Jazzmarr Ferguson (born March 22, 1989) is an American professional basketball player for Saint-Vallier of the Pro B.

Professional career
Ferguson went undrafted in the 2011 NBA draft. He signed his first Pro contract with Moncton Miracles of the NBL Canada. After the end of the Canadian season, he moved to Australia, finalizing a deal with Albury Wodonga Bandits of the SEABL, the second-tier Australian League. The following season, he joined the Bendigo Braves, in the same league.

On August 29, 2013 he signed in Italy with Fulgor Libertas Forlì in the second Italian league. Here he plays 29 games averaging 17.6 points and 2.7 assists per game shooting an excellent 41.8% from behind the arc.

On July 28, 2014 he reached an agreement with Vanoli Cremona of Serie A, the top Italian league.

On July 2, 2018 he signed to Tezenis Verona of Serie A2, the second tier Italian league.
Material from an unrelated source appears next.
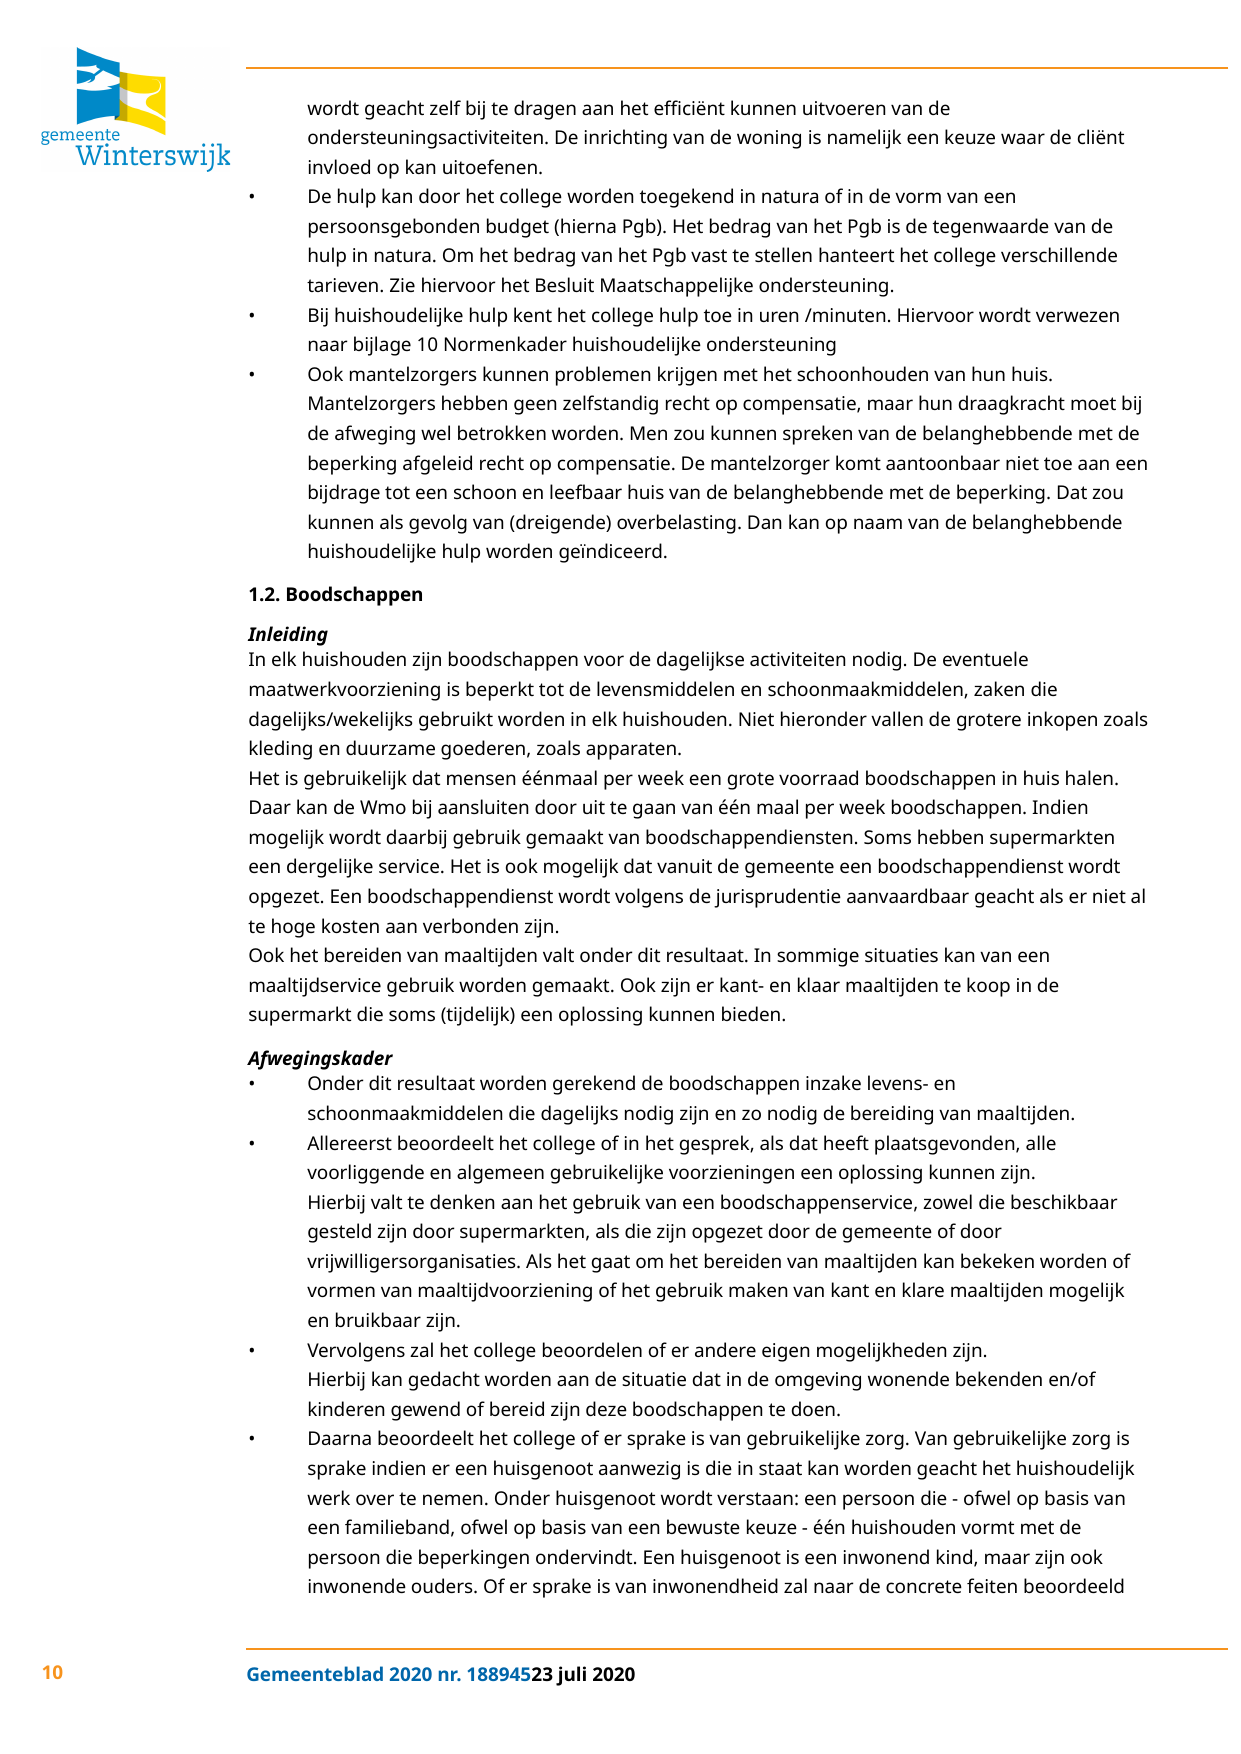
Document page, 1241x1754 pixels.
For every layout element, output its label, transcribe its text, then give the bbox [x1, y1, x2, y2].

In 2019–2020 season he played at the Assigeco Piacenza of Serie A2, the second tier Italian league. Ferguson averaged 21.6 points, 3.4 rebounds, 3.1 assists and 1.4 steals per game. On October 4, 2020, he signed with Charilaos Trikoupis of the Greek Basket League. He left Trikoupis during December and joined Enosis Neon Paralimni of the Cypriot League on December 26,2020. 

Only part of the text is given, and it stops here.